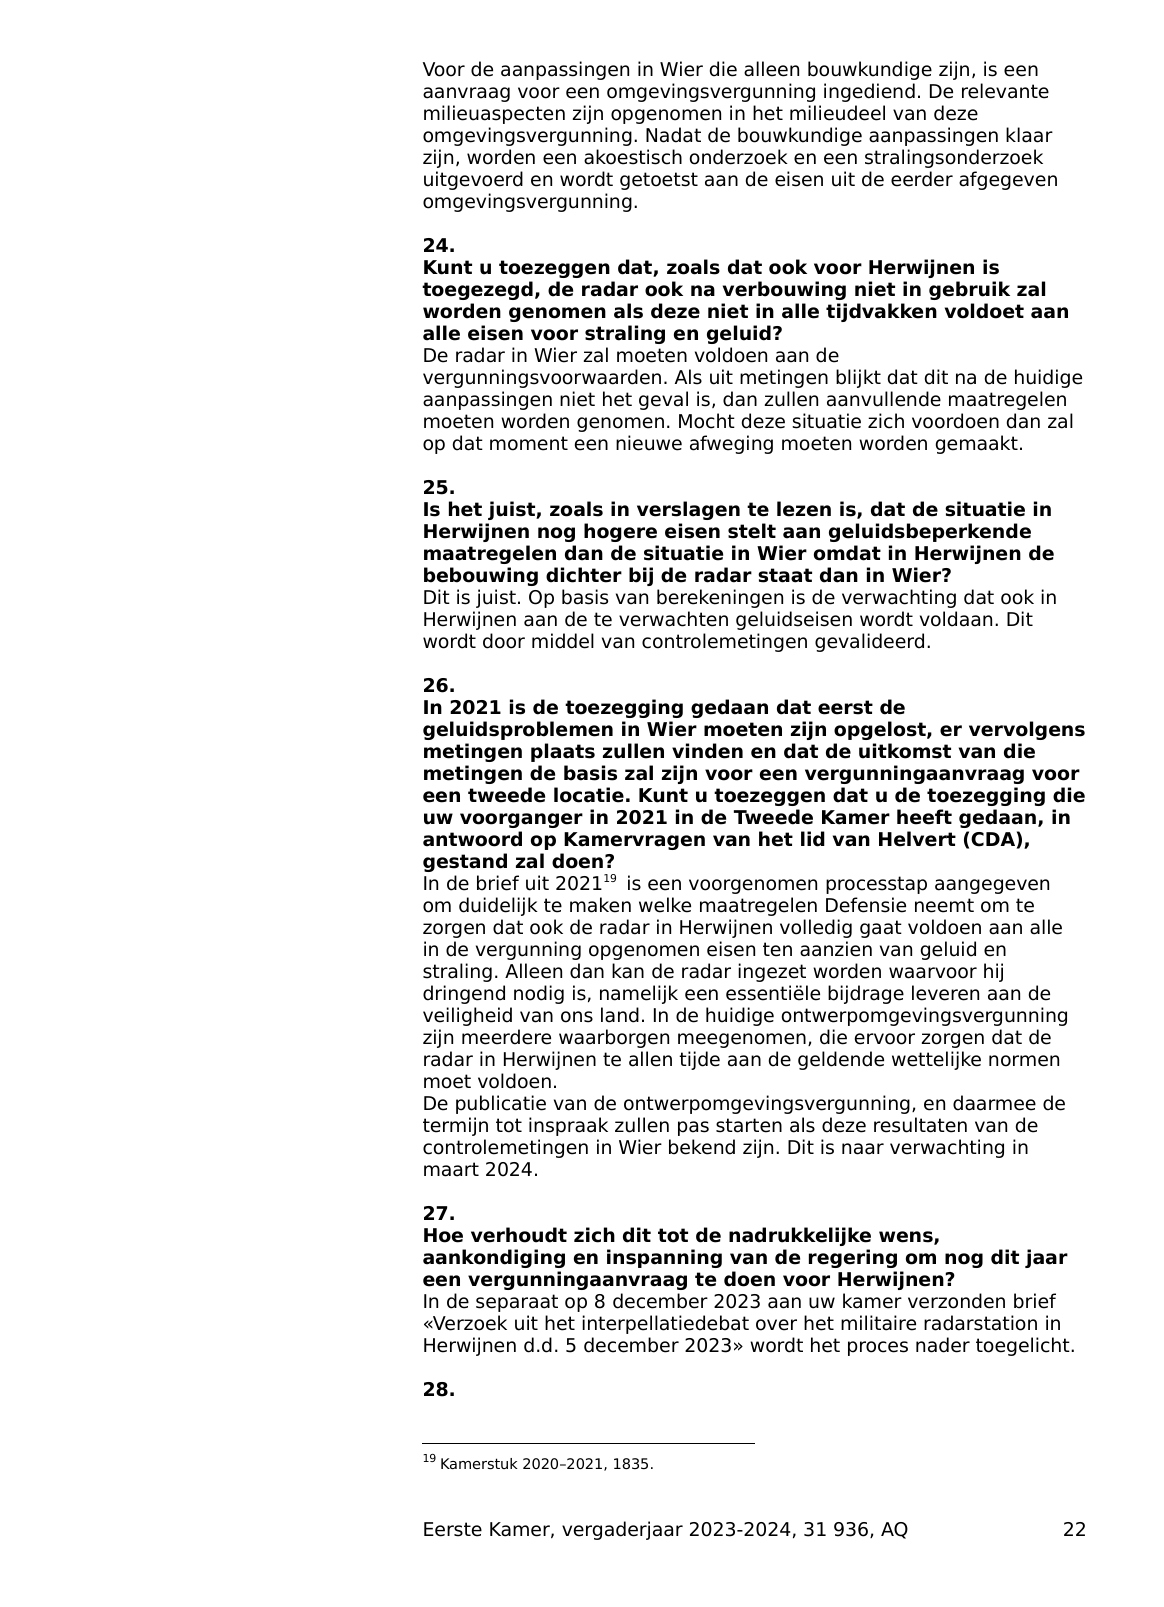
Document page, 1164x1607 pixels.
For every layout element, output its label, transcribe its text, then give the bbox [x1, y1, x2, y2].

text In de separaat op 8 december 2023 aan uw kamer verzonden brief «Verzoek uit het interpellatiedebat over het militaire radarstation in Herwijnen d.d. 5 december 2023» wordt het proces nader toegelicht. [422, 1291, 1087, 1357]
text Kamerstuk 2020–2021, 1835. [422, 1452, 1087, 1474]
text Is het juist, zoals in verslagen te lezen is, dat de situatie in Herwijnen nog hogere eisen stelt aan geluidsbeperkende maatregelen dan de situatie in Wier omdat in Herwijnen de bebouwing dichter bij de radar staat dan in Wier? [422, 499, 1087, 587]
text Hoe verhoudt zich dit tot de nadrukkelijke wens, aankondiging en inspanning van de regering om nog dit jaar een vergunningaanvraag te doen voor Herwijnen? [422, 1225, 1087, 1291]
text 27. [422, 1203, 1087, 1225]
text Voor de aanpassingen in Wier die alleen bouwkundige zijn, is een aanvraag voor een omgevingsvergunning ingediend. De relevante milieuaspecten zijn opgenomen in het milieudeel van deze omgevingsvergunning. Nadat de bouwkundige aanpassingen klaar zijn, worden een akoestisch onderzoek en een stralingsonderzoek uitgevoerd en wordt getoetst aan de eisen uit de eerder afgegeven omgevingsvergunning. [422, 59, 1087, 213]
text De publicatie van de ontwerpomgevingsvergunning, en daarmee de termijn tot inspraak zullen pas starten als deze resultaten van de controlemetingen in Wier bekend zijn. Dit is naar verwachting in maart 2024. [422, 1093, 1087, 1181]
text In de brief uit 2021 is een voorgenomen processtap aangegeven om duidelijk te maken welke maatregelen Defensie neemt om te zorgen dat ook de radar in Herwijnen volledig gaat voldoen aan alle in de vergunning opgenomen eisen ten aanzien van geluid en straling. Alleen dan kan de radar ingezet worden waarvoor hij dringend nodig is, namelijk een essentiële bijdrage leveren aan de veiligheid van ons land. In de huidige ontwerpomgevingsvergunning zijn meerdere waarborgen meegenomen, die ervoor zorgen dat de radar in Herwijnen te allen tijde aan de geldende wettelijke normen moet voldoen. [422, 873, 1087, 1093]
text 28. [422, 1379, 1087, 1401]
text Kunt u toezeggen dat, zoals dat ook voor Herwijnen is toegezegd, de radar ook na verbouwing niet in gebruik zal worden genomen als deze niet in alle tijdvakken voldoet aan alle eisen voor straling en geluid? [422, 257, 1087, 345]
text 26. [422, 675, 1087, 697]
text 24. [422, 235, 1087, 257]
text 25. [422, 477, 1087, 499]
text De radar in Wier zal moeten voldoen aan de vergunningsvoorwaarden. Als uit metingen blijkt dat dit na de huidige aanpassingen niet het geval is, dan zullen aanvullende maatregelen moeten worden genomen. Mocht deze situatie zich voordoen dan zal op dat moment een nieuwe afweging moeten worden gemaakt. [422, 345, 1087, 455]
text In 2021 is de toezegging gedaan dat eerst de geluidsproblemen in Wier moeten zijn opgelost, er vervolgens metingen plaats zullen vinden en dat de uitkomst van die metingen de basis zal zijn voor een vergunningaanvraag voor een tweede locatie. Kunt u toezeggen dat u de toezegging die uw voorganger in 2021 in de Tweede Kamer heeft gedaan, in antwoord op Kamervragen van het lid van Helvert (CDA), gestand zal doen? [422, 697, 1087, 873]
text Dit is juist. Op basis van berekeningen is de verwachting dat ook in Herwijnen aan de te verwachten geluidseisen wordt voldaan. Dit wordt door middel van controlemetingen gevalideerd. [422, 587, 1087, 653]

━━━━━━━━━━━━━━━━━━━━

Required action: Would you give again, word for word, every line from the one with "text In 2021" through the final line of the listing above?

Response:
text In 2021 is de toezegging gedaan dat eerst de geluidsproblemen in Wier moeten zijn opgelost, er vervolgens metingen plaats zullen vinden en dat de uitkomst van die metingen de basis zal zijn voor een vergunningaanvraag voor een tweede locatie. Kunt u toezeggen dat u de toezegging die uw voorganger in 2021 in de Tweede Kamer heeft gedaan, in antwoord op Kamervragen van het lid van Helvert (CDA), gestand zal doen? [422, 697, 1087, 873]
text Dit is juist. Op basis van berekeningen is de verwachting dat ook in Herwijnen aan de te verwachten geluidseisen wordt voldaan. Dit wordt door middel van controlemetingen gevalideerd. [422, 587, 1087, 653]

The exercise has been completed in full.